WASHINGTON — A NASA astronaut flying to the International Space Station in April could spend up to a year on the station, an extended stay that he said he was “enthusiastic” about.
NASA announced March 9 that Mark Vande Hei would fly on the Soyuz MS-18 mission to the space station, launching April 9. He will fly with Roscosmos cosmonauts Oleg Novitsky and Pyotr Dubrov.
In a typical mission scenario, the three would stay on the station for about six months, returning after the next crew arrives on Soyuz MS-19 in October. However, Roscosmos officials have discussed filming a movie on the station in October, sending up director Klim Shipenko and an actress to be selected during an ongoing competition on Soyuz MS-19 along with commander Anton Shkaplerov. Shipenko and the actress would return on Soyuz MS-18 with Novitsky, commander of that mission, requiring Dubrov and Vande Hei to stay on the station until as late as April 2022, when the next Soyuz crew rotation mission launches.
Vande Hei, in a call with reporters March 15, acknowledged he may stay on the station for longer than six months. “It all depends on whether those tourists go up on the spacecraft in the fall, because they would take my seat back,” he said.

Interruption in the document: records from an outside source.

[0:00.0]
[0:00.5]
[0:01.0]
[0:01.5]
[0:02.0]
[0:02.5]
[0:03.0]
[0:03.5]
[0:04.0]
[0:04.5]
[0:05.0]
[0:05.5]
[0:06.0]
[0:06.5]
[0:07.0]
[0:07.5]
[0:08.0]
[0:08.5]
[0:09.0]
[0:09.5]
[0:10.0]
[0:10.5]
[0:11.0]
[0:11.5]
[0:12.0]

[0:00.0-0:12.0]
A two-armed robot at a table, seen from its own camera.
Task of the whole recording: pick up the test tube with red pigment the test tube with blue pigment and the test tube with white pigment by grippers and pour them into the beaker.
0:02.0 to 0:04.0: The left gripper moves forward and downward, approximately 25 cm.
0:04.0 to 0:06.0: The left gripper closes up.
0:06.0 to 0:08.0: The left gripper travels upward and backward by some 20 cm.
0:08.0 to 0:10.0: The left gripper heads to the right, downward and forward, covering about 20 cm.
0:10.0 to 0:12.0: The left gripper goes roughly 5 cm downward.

He said he welcomes the chance for an extended stay on the ISS. “Honestly, for me it’s just an opportunity for a new life experience. I’ve never been in space longer than six months,” he said, a reference to his first mission to the ISS, which lasted from September 2017 through February 2018. “I’m really enthusiastic about it.”

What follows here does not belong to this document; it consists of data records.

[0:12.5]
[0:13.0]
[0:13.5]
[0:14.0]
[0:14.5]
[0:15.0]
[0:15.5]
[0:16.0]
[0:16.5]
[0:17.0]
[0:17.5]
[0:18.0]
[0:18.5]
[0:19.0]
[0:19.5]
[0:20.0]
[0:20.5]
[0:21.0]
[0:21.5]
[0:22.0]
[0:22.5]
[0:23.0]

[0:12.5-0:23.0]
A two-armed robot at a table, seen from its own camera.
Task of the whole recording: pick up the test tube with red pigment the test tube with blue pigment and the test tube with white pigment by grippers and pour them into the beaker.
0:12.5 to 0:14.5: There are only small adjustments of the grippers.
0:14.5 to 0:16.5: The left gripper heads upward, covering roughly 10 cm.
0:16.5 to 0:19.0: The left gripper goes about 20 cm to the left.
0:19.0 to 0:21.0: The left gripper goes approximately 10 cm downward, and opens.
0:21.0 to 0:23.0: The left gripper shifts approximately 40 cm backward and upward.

That uncertain duration is not the only unusual aspect about the mission. NASA acquired the seat not by purchasing it directly from Roscosmos, as it has in the past, but instead through an exchange with commercial spaceflight company Axiom Space, which obtained the seat from Roscosmos in a deal the terms of which neither Roscosmos nor Axiom disclosed. Axiom will receive a seat on a NASA commercial crew mission to the ISS, likely in 2023, in exchange for the Soyuz seat.

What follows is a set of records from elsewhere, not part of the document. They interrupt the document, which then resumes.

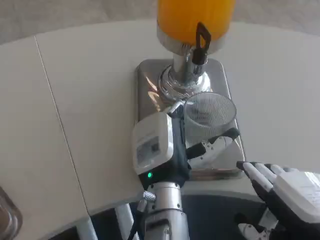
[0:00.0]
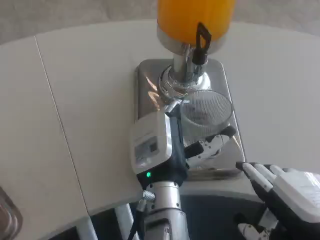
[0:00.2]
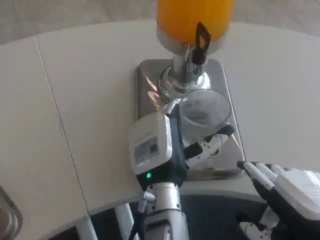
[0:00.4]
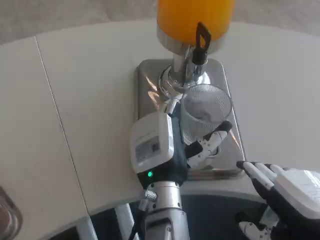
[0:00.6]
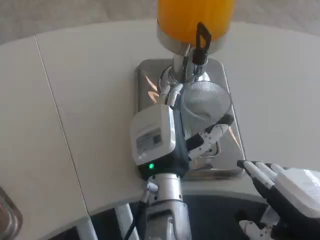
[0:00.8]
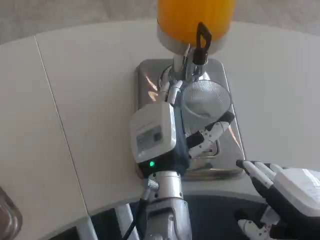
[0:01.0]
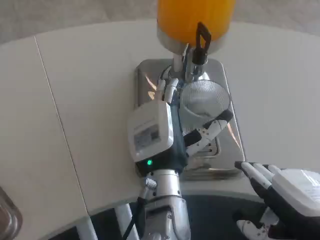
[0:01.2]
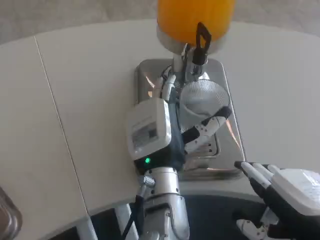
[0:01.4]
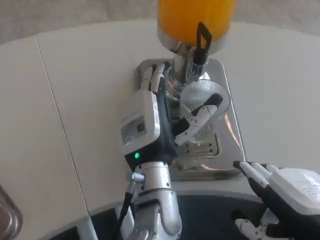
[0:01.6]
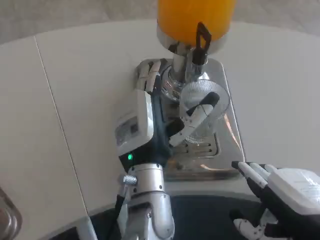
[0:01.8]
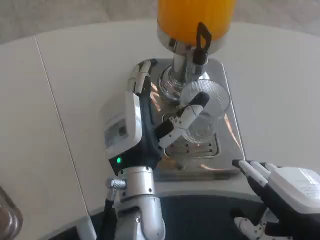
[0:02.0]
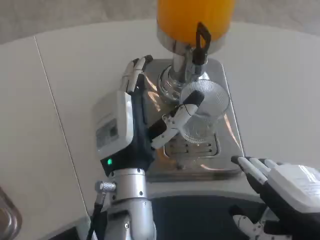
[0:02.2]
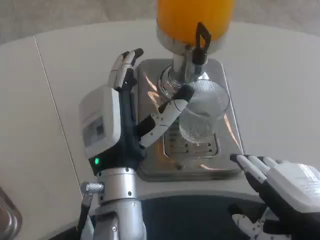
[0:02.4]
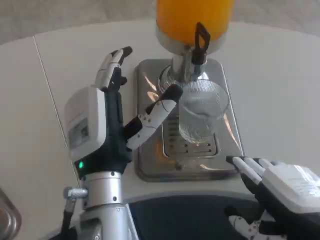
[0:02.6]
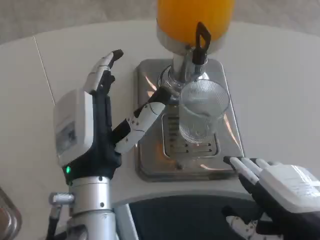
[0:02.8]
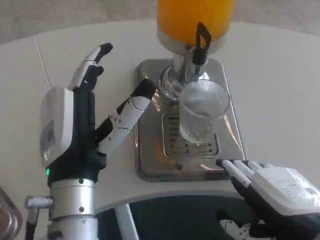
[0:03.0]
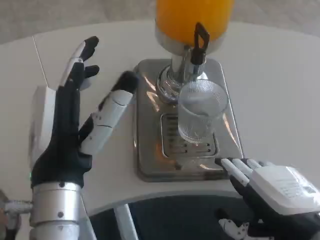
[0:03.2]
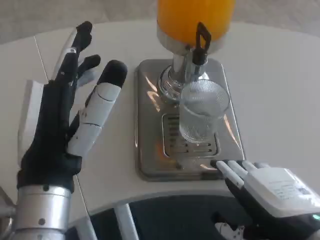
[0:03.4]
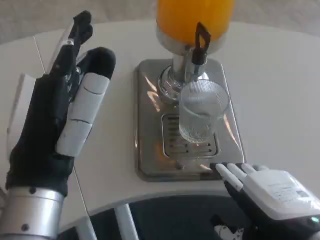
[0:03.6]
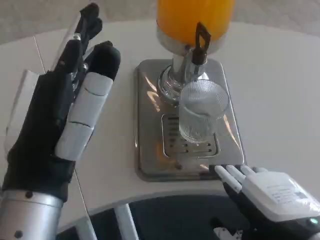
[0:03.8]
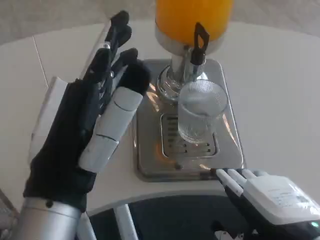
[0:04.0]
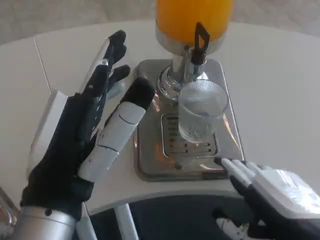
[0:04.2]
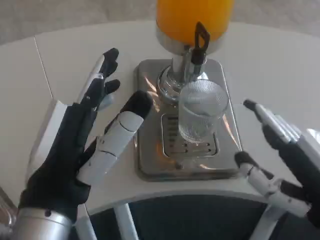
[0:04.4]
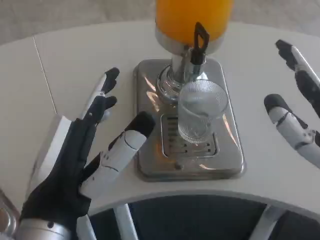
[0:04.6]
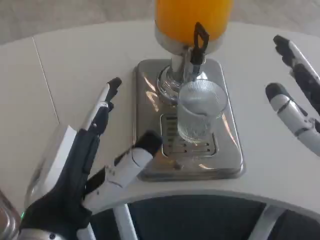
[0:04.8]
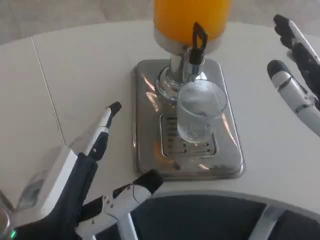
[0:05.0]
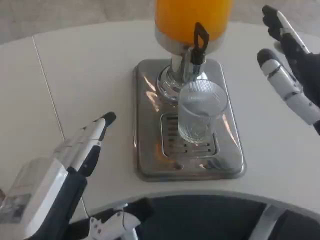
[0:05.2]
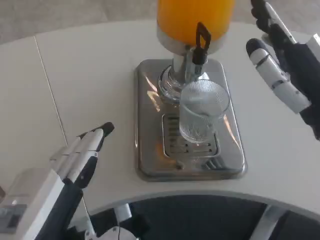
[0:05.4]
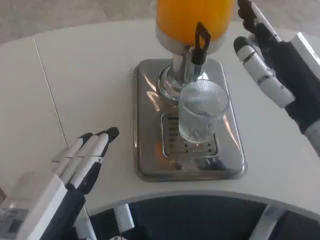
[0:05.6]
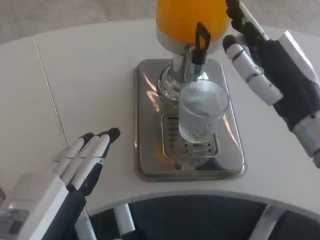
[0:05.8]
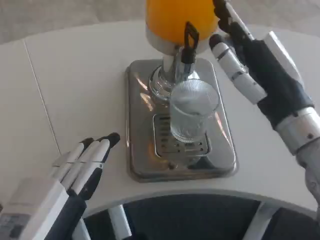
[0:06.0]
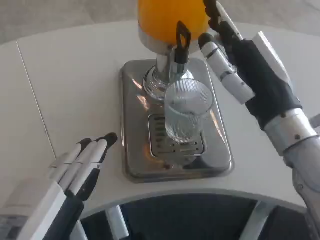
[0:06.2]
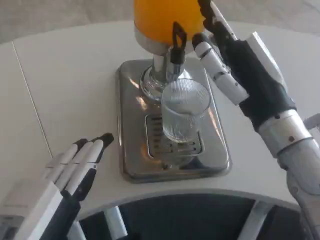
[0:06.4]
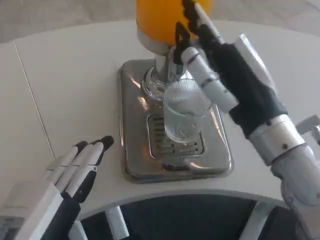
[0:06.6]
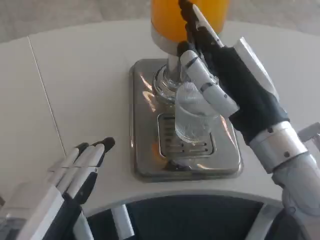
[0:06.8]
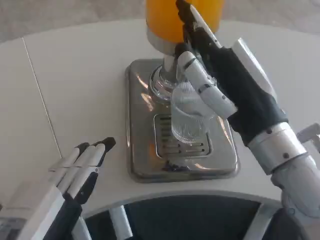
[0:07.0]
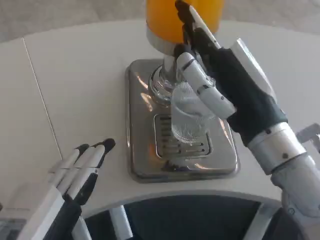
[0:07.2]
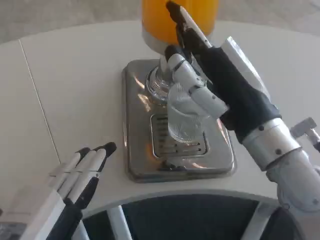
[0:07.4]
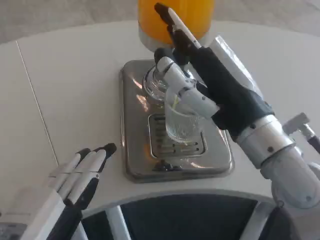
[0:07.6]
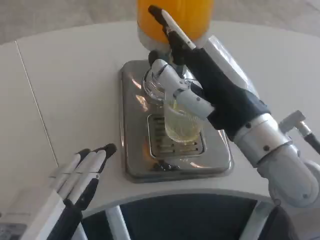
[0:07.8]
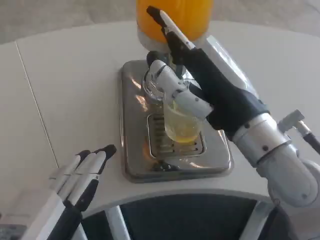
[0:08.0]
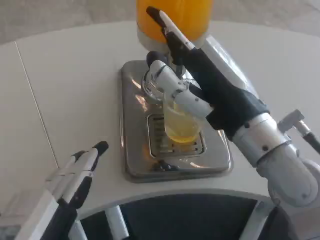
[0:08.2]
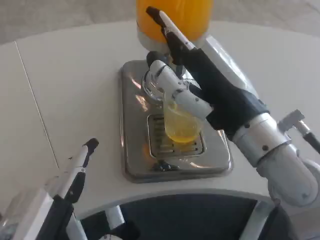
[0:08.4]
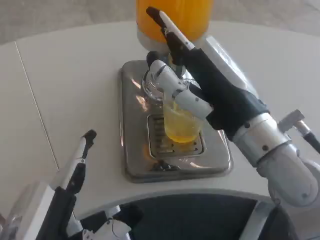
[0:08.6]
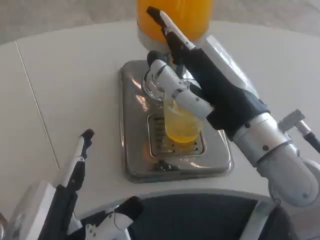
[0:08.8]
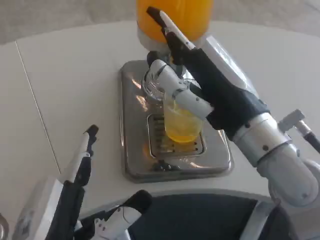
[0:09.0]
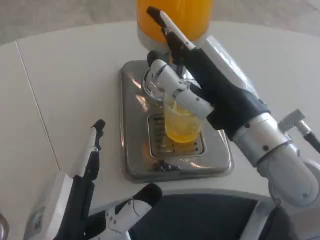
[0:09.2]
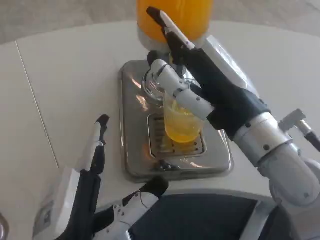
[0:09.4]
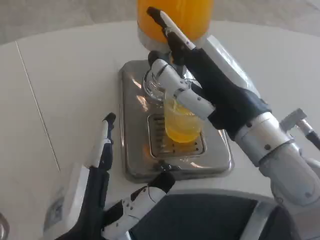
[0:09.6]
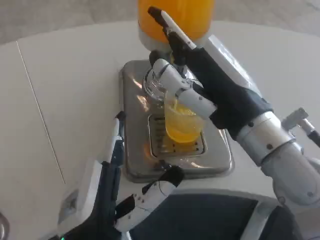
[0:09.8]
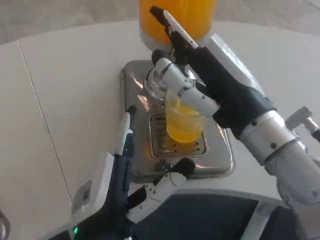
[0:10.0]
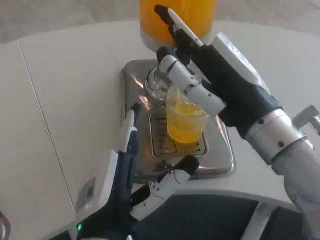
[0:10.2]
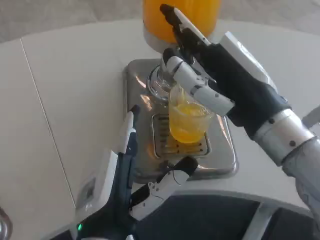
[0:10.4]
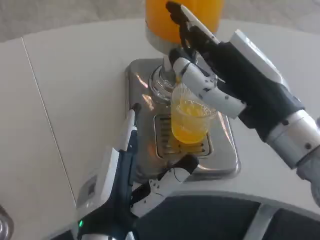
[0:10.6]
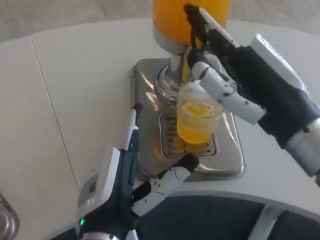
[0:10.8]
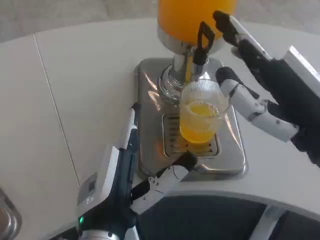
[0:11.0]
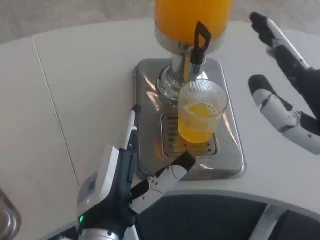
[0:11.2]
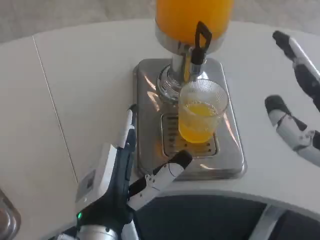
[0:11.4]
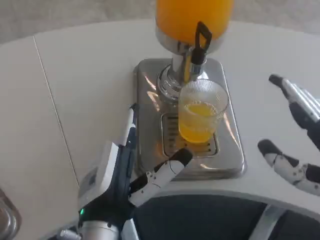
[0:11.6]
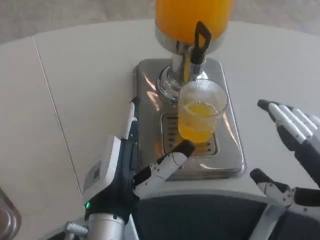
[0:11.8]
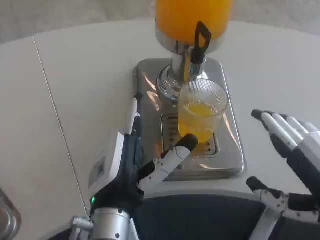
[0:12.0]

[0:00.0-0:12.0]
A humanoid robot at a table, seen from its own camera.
Task of the whole recording: Grasp the cup under the faucet to collect the drink, then remove the cup.
0:00.0 to 0:01.6: The hands move only a little.
0:01.6 to 0:03.0: The left hand shifts approximately 10 cm to the left and backward.
0:03.0 to 0:04.4: The left hand goes about 5 cm backward.
0:04.4 to 0:06.0: The right hand shifts roughly 10 cm forward. Meanwhile the left hand is displaced to the left and downward by roughly 10 cm.
0:06.0 to 0:07.6: The right hand shifts by roughly 5 cm.
0:07.6 to 0:09.0: The left hand changes place by roughly 5 cm.
0:09.0 to 0:10.4: The left hand travels to the right and forward by roughly 10 cm.
0:10.4 to 0:12.0: The right hand shifts approximately 15 cm to the right, backward and downward.

Vande Hei said he was not involved in the negotiations for the seat. “I’m sure it was a very complicated, challenging thing to work out. I know a lot of effort went into making it happen,” he said. “I’m really happy it worked out the way it did, and I’m also very happy that I did not have to deal with all those details.”
Vande Hei started training last year as a backup to Kate Rubins, the NASA astronaut who flew to the station on the Soyuz MS-17 mission last October, then “flowed right into” training for Soyuz MS-18. “The only thing that was uncertain was whether or not I actually launch as a result of doing the training,” he said.
Roscosmos originally announced that Sergei Korsakov would accompany Novitsky and Dubrov on Soyuz MS-18. Vande Hei trained with those three for months, he said, knowing that only three of the four people would fly. “We were ready for whatever contingency,” he said.
Because of that uncertainty, he said he had been managing his expectations about whether he would launch. “I was trying not to get too emotional, too excited about the fact that I may be launching in April,” he said. “I only realized that I had been doing that when I felt super excited when it was actually finalized.”
Roscosmos went as far to make two versions of the Soyuz MS-18 mission patch, one with Vande Hei’s name — seen in February in photos of training activities by Novitsky and Dubrov — and one with Korsakov’s name. In a show of comradery, Vande Hei said he wore the version of the patch with Korsakov’s name while Korsakov wore the patch with Vande Hei’s name. “I will always consider him to be a part of our team,” he said of Korsakov.
Russian media reported that Roscosmos is considering assigning Korsakov to a future Crew Dragon mission once NASA and Roscosmos finalize an agreement about the exchange of seats between Soyuz and commercial crew vehicles.